Today, the goal of IS in destroying history is to break down the preexisting cultural cohesion existing in the lands under its control. Syria and Iraq’s ancient historical sites offer a shared history that supersedes the exclusionary, supremacist identity politics upon which the group’s leaders are attempting to build their new state. The razing of such sites, as well as the destruction and confiscation of religious property owned by Christians and other minority groups, serves the dual purposes of humiliating and alienating these communities from their own land, as well as undermining competing forms of national identity that preexisted Islamic State’s modern, theocratic project.

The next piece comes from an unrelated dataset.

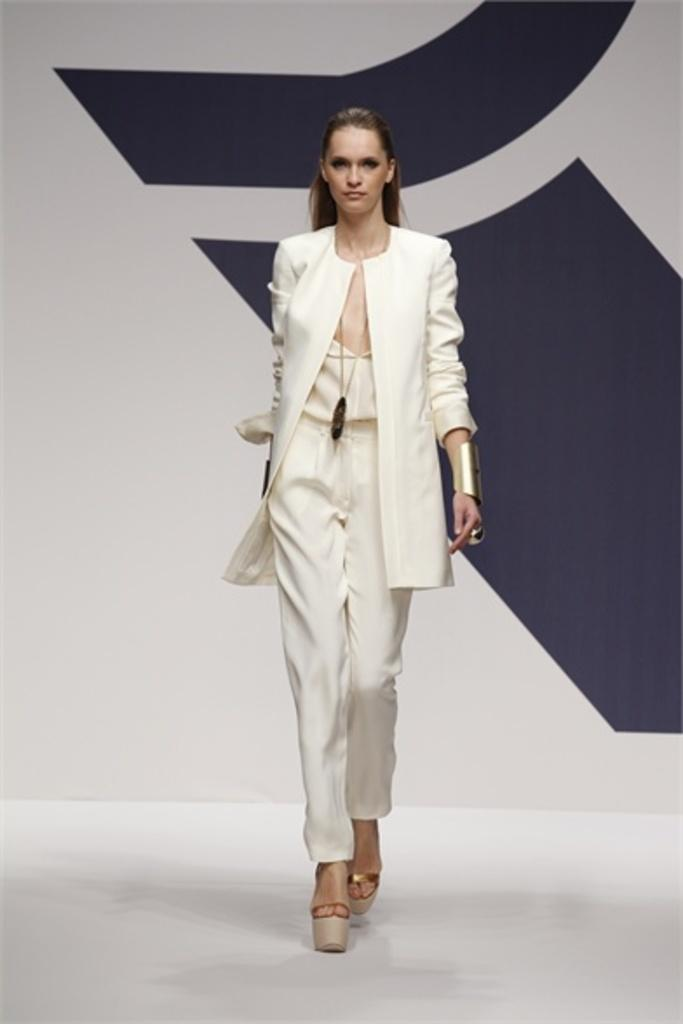Who is the main subject in the image? There is a woman in the image. What is the woman doing in the image? The woman is walking on the floor. Can you describe the background of the image? The background of the image includes black and white colors. What type of minister is present in the image? There is no minister present in the image; it features a woman walking on the floor. What type of dinner is being served in the image? There is no dinner present in the image; it only shows a woman walking on the floor with a black and white background.

Despite its pretensions to the contrary, Islamic State, many of whose cadres hail from Western countries, is more an heir to brutal imperialists and revolutionaries of modern times than the Islamic caliphates, which were largely content to leave ancient sites in peace while extending legal protections to minority groups.
As IS continues its campaign of destruction and theft against minority communities as well as Iraq and Syria’s ancient heritage, it would do well to remember the words of the Prophet Muhammad, who in a letter to the Christians of Saint Catherine’s Monastery in the Sinai (which they still possess today), “No one is allowed to plunder or destroy or spoil any of churches, or houses of worship, or take any of the things contained within these houses and bring it to the houses of Islam. And he who takes away anything therefrom, will be one who has corrupted the oath of God, and, in truth, disobeyed His Messenger.”